Segment Open
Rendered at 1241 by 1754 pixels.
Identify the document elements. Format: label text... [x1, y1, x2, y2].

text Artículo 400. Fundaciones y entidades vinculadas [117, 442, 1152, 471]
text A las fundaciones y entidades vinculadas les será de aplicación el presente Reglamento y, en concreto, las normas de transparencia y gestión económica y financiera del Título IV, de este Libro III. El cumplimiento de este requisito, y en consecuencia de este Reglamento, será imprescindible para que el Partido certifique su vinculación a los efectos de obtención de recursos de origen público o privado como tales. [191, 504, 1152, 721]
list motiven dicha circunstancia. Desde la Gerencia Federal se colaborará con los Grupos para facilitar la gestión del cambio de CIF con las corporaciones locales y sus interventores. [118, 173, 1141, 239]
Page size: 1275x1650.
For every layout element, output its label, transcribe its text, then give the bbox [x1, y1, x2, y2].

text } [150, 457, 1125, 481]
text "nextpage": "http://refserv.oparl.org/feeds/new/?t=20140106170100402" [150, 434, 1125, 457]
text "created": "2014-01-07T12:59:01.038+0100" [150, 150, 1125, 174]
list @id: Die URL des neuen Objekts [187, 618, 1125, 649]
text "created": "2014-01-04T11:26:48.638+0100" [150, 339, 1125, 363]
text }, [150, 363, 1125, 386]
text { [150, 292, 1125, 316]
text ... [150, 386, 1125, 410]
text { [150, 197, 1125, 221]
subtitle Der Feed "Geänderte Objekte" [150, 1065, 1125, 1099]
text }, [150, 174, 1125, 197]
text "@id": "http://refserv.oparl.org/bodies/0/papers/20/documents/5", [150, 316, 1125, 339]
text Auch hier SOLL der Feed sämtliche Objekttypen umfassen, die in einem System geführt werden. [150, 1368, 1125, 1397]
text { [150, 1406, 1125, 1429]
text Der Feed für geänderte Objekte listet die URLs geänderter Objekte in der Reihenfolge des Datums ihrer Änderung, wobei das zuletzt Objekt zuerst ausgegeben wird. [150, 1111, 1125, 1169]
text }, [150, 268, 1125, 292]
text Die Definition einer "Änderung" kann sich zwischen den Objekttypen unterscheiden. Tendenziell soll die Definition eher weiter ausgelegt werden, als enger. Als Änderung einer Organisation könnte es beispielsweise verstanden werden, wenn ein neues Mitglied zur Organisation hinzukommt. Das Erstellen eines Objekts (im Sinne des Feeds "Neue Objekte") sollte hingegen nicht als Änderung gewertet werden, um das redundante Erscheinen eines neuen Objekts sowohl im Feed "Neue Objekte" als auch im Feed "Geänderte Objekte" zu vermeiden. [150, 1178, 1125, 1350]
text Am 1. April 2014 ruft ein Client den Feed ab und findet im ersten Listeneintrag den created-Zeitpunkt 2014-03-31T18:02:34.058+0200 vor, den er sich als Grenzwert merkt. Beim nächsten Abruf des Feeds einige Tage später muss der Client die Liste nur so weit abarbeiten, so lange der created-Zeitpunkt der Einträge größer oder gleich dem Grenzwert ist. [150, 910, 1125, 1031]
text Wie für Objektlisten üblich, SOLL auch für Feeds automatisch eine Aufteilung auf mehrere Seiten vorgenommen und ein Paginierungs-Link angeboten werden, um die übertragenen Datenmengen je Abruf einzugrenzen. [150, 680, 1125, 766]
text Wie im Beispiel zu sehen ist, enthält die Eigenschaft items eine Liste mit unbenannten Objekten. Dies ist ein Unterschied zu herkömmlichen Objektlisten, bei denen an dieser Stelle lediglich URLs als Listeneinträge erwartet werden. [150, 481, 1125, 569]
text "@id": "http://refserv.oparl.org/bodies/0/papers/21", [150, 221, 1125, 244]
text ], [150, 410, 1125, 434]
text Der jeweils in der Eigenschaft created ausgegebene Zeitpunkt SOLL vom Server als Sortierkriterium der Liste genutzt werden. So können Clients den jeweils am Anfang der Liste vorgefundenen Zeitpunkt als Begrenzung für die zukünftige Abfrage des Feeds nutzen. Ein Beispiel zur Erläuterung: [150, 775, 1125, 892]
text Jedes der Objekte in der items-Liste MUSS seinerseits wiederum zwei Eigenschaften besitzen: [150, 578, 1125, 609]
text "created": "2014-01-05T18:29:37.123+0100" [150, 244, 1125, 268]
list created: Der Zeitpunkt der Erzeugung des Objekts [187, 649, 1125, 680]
Segment Closed
» **Task prompt**:
From the records above, copy only the lines starting with the line that holds "For every layout" and going on through the line that holds "268, 1125, 292]", exactly as written.

» **Response to this task**:
For every layout element, output its label, transcribe its text, then give the bbox [x1, y1, x2, y2].

text } [150, 457, 1125, 481]
text "nextpage": "http://refserv.oparl.org/feeds/new/?t=20140106170100402" [150, 434, 1125, 457]
text "created": "2014-01-07T12:59:01.038+0100" [150, 150, 1125, 174]
list @id: Die URL des neuen Objekts [187, 618, 1125, 649]
text "created": "2014-01-04T11:26:48.638+0100" [150, 339, 1125, 363]
text }, [150, 363, 1125, 386]
text { [150, 292, 1125, 316]
text ... [150, 386, 1125, 410]
text { [150, 197, 1125, 221]
subtitle Der Feed "Geänderte Objekte" [150, 1065, 1125, 1099]
text }, [150, 174, 1125, 197]
text "@id": "http://refserv.oparl.org/bodies/0/papers/20/documents/5", [150, 316, 1125, 339]
text Auch hier SOLL der Feed sämtliche Objekttypen umfassen, die in einem System geführt werden. [150, 1368, 1125, 1397]
text { [150, 1406, 1125, 1429]
text Der Feed für geänderte Objekte listet die URLs geänderter Objekte in der Reihenfolge des Datums ihrer Änderung, wobei das zuletzt Objekt zuerst ausgegeben wird. [150, 1111, 1125, 1169]
text }, [150, 268, 1125, 292]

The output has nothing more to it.